----- Exercise material -----

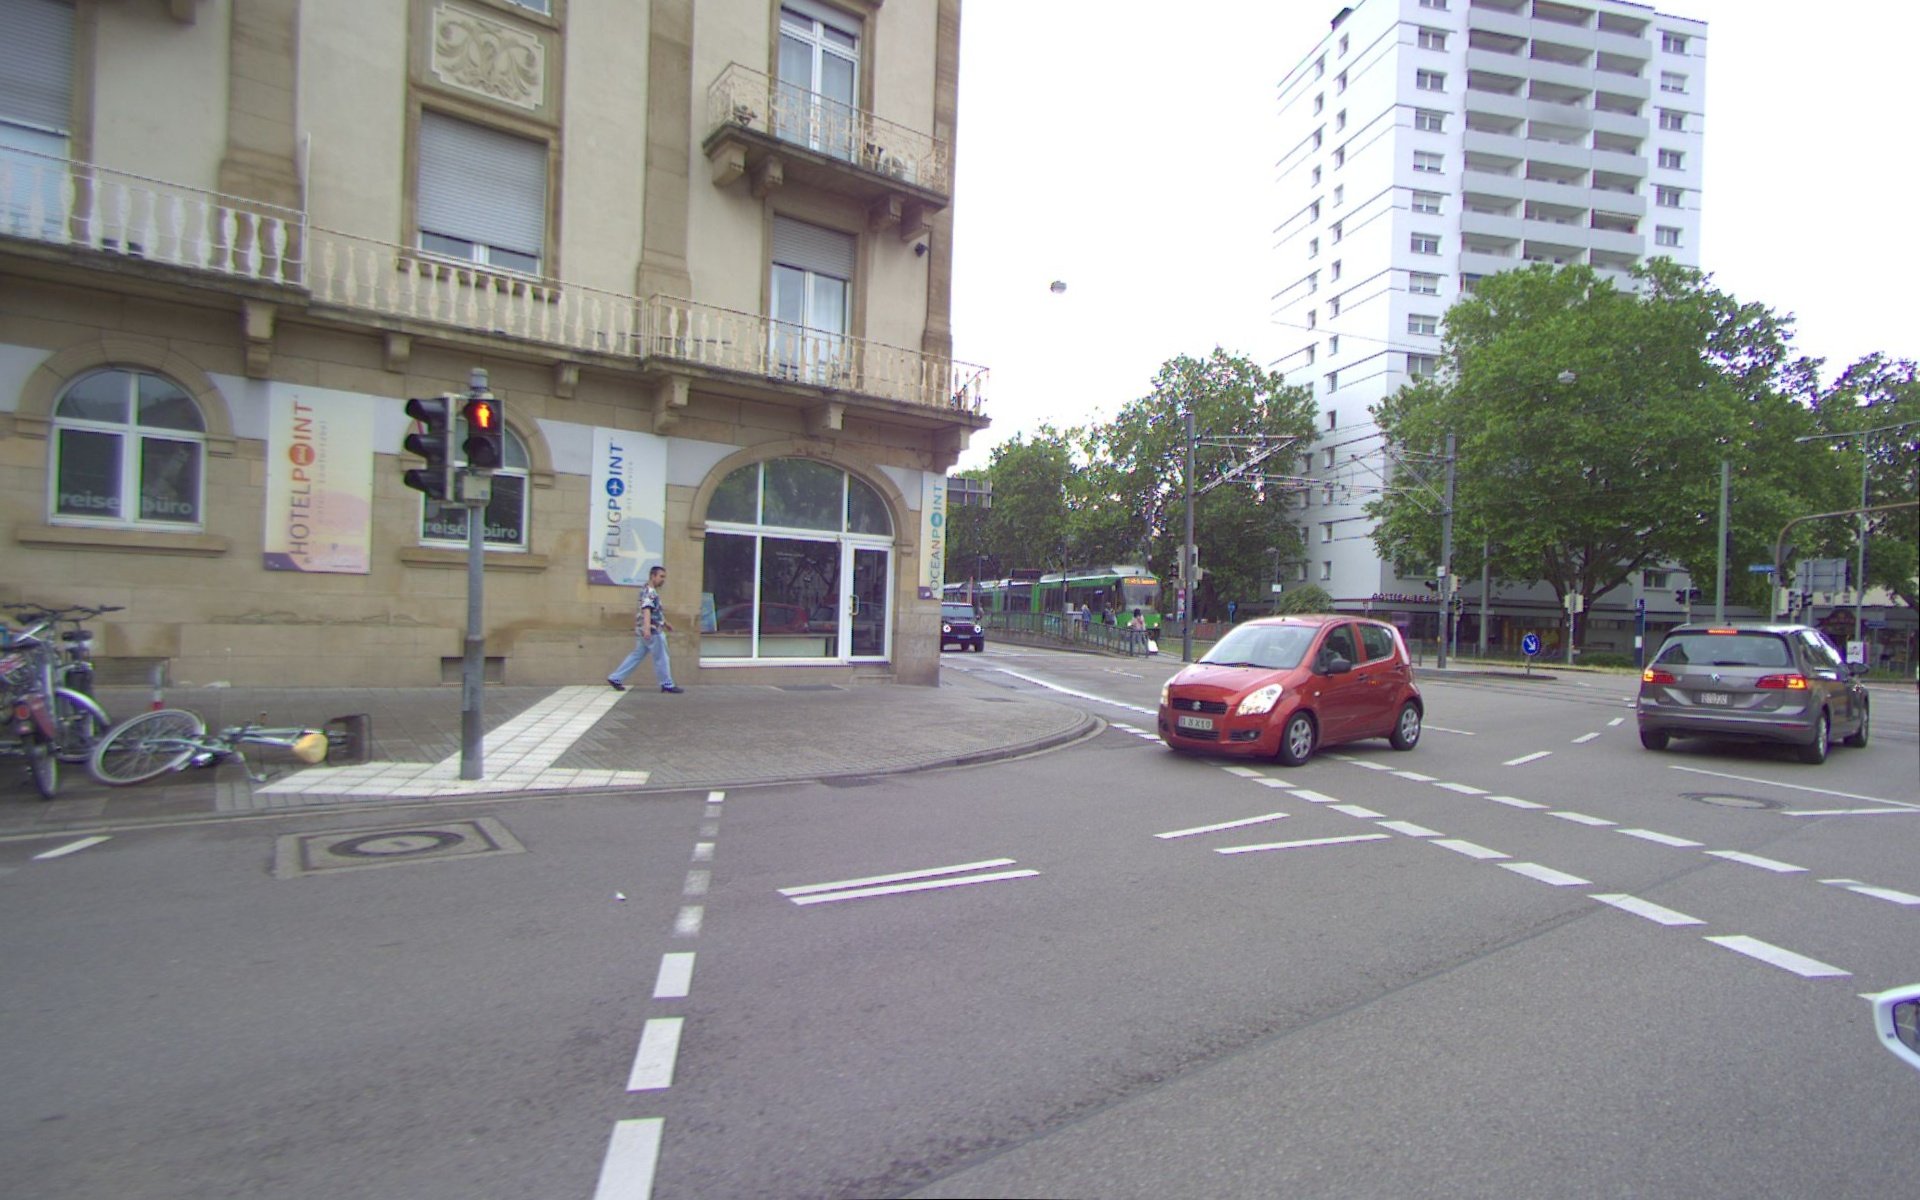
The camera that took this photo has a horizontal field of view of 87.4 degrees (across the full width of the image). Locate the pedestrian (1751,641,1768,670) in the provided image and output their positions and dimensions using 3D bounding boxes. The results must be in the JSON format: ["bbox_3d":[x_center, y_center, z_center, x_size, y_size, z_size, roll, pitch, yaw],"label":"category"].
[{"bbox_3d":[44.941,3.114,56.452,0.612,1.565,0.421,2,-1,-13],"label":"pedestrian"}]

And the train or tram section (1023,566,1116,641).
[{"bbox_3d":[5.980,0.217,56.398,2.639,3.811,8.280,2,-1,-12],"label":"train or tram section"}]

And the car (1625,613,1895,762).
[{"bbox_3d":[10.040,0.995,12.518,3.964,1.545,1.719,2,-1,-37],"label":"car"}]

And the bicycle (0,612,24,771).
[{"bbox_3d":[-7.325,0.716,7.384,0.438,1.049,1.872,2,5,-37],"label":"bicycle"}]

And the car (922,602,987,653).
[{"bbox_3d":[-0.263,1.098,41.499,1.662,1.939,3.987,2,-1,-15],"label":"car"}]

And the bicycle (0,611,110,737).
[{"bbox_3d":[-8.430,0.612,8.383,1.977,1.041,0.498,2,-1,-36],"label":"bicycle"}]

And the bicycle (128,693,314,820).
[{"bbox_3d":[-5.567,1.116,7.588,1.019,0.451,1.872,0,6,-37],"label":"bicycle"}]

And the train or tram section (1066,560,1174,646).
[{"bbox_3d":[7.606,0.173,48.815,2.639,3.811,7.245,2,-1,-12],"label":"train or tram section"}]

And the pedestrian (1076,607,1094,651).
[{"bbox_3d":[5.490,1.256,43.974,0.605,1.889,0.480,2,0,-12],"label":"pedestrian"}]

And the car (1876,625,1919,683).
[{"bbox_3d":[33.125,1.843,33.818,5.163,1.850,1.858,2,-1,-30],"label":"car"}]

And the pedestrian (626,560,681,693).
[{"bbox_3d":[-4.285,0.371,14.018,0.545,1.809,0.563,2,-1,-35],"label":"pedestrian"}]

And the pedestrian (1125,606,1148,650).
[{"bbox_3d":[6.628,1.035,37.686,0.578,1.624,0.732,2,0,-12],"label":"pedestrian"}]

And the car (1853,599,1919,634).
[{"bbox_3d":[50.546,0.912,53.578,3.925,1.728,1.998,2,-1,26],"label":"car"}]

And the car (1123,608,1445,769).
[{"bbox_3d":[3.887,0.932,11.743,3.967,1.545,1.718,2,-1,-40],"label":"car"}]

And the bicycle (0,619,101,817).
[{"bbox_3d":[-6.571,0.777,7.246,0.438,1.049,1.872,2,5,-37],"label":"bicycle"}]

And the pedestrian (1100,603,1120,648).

-----

§ What the exercise asks
Everything from the line containing "And the car (1123,608,1445,769)." to the end of the data above should be quoted exactly, please, both ends included, and nothing outside that span.

§ Solution to this problem
And the car (1123,608,1445,769).
[{"bbox_3d":[3.887,0.932,11.743,3.967,1.545,1.718,2,-1,-40],"label":"car"}]

And the bicycle (0,619,101,817).
[{"bbox_3d":[-6.571,0.777,7.246,0.438,1.049,1.872,2,5,-37],"label":"bicycle"}]

And the pedestrian (1100,603,1120,648).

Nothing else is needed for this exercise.